Surprise, surprise, it has been met with howls of protest from the Sugar industry and the multi-billion soft drinks and food industries that manufacture "sugar-rich" products. Worse still, as our health editor documented on Monday, the Sugar industry's opposition has not been confined to democratic debate. Behind the scenes it has been as ruthless as the tobacco industry in trying to coerce the WHO into withdrawing its report. Industry-subsidised "scientific" front organisations have been set up; powerful Washington lobbyists engaged; and most serious of all, sugar caucus congressmen recruited to bring the WHO to heal with the threat that they would cut-off the £260m annual contribution which the US pays to the UN agency. To its credit the WHO has resisted all these forms of blackmail - and in doing so has won a spectacular PR victory over the lobbyists.
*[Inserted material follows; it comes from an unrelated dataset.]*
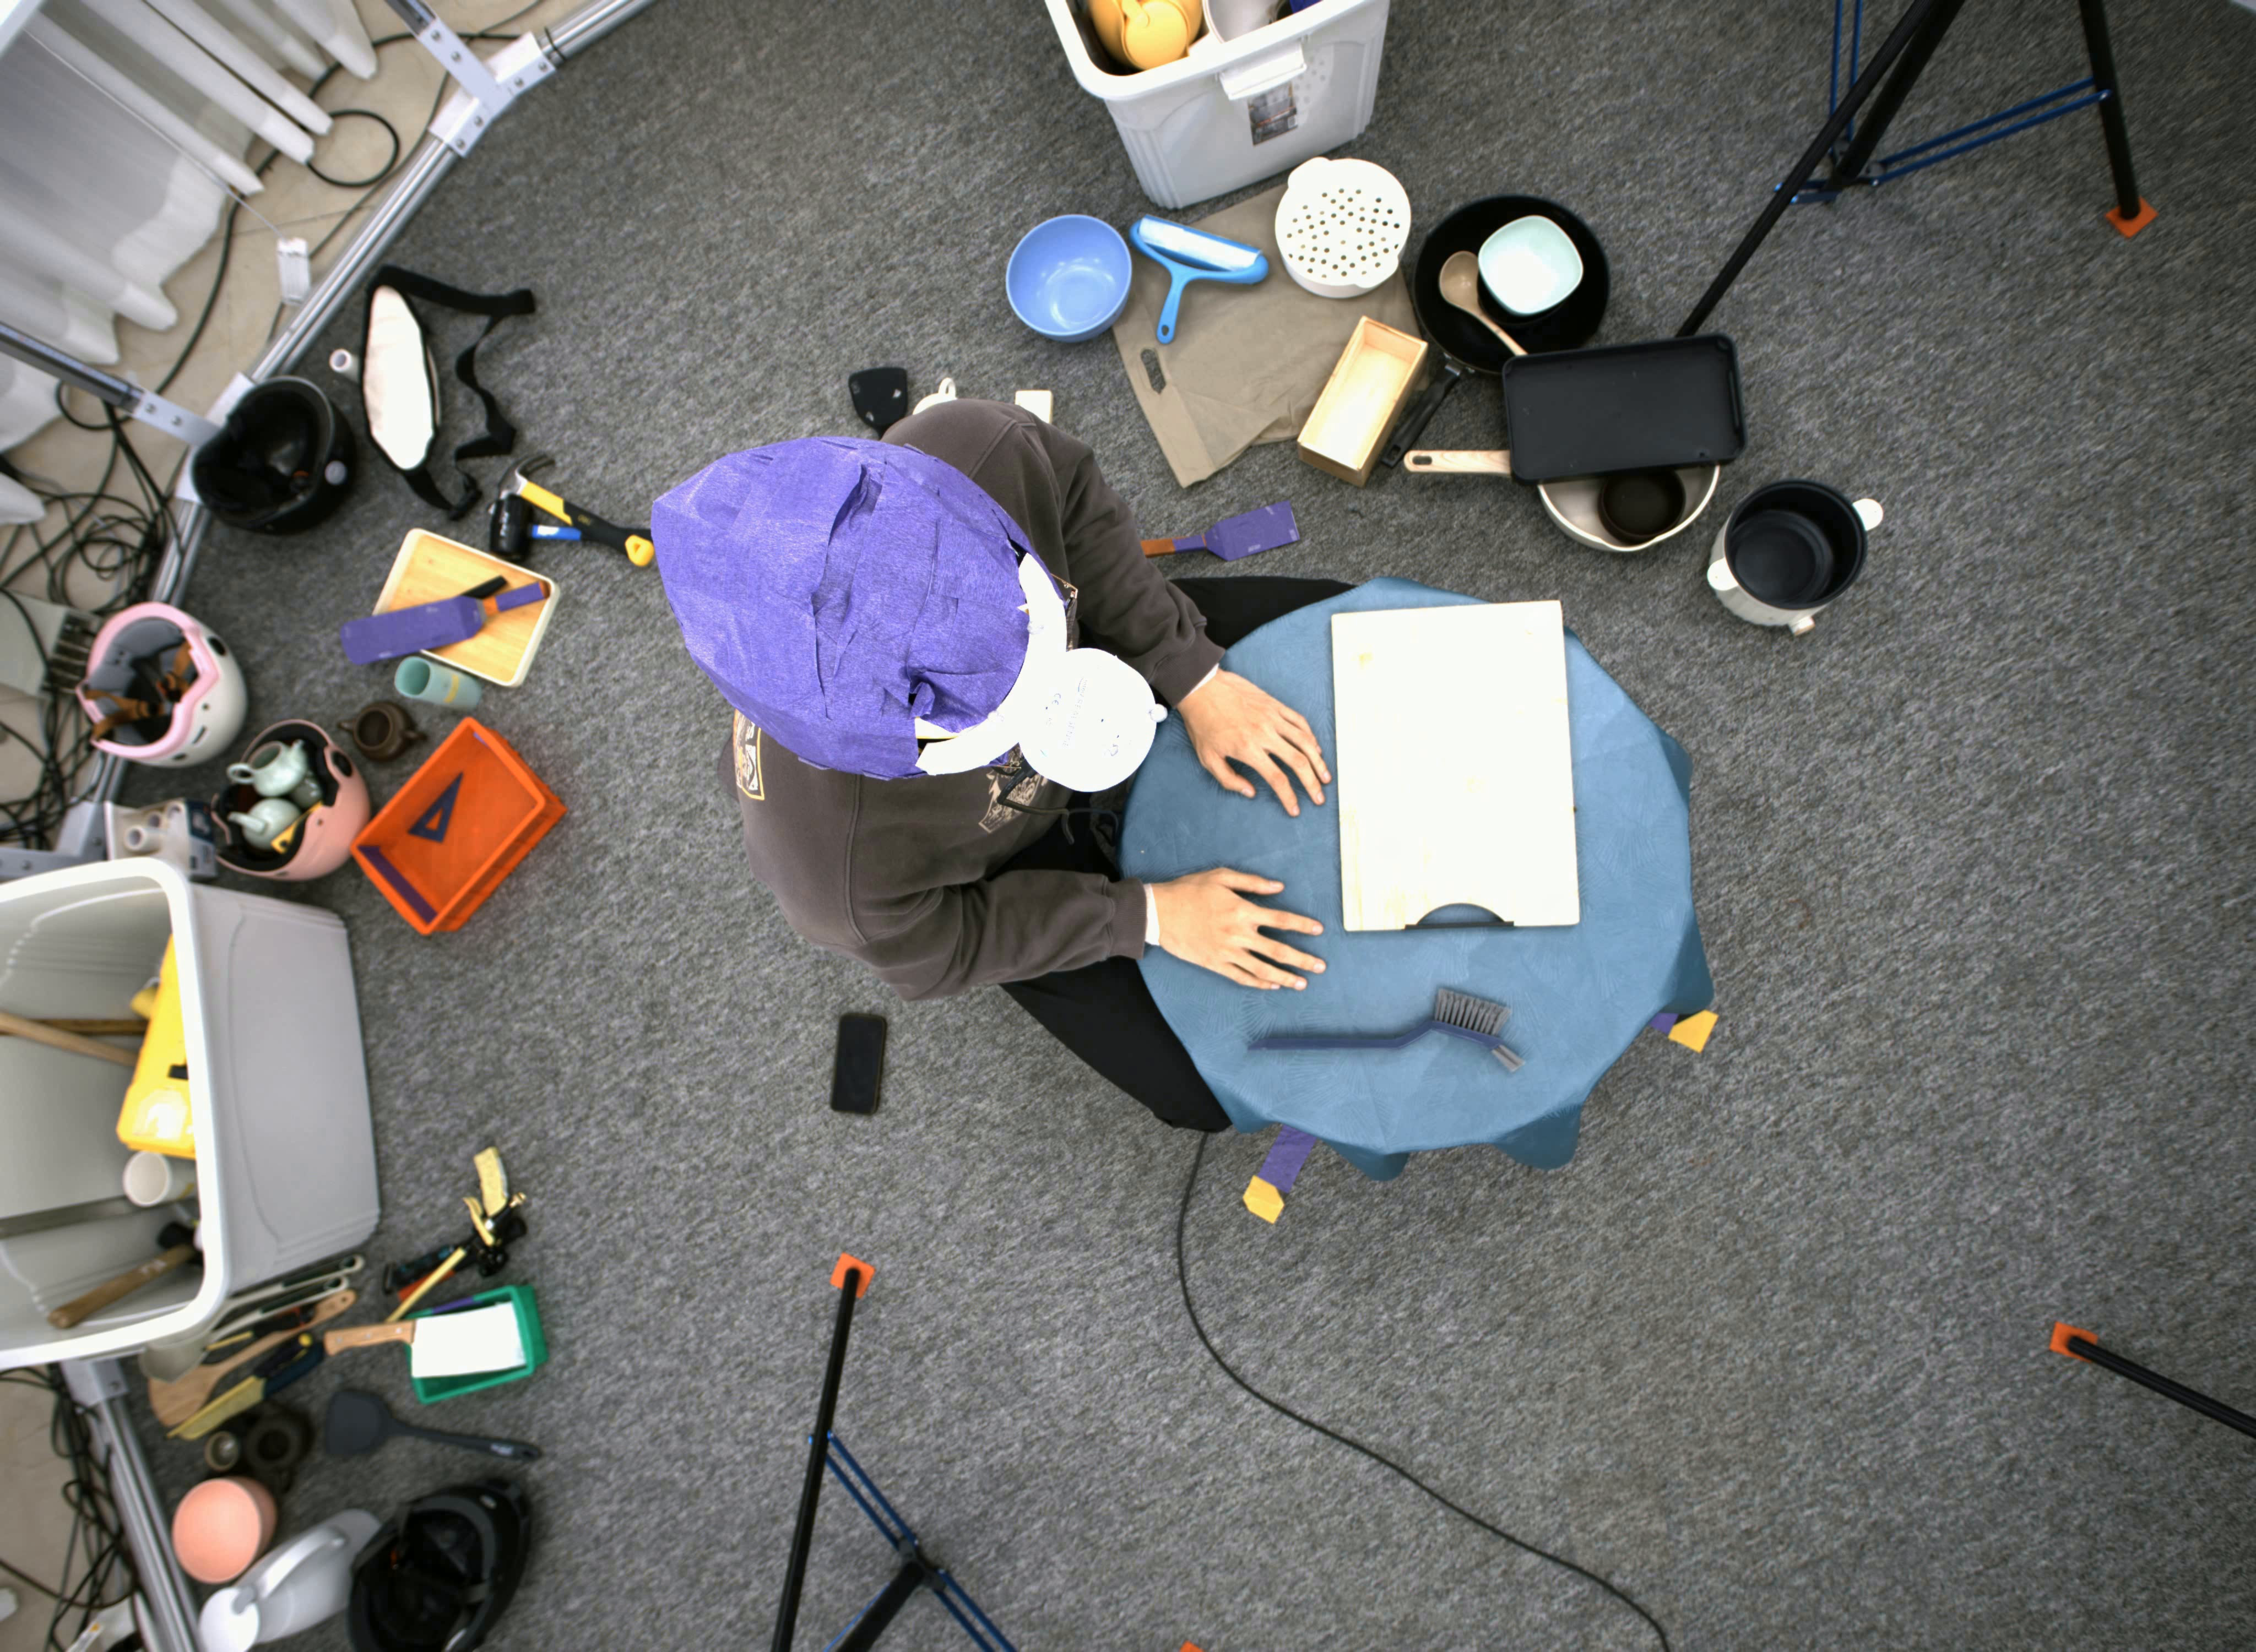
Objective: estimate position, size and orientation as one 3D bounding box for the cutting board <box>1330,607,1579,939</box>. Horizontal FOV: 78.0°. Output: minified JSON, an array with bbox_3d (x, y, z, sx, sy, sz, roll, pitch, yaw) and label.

Just like the tobacco industry, the sugar barons remain in denial of the devastating effects of their product. Obesity has tripled in the last 20 years. Over half of adults in many developed states are obese, leading to 30,000 premature deaths in the UK - and 300,000 in the US - from heart or chronic diseases. Yet still the industry insists that a 25% sugar intake is safe. All serious research contradicts this assertion. WHO gathered together 30 international experts to draw up its report - including the leading scientist on obesity in the US. Twenty-three national reports have already set sugar targets of 10% or less of calorie intake. There is a second battle to come: a policy report, which earlier drafts suggest will include calls for removal of soft drinking vending machines in schools and a tax on high sugar products. WHO must hold its nerve and let the Science speak.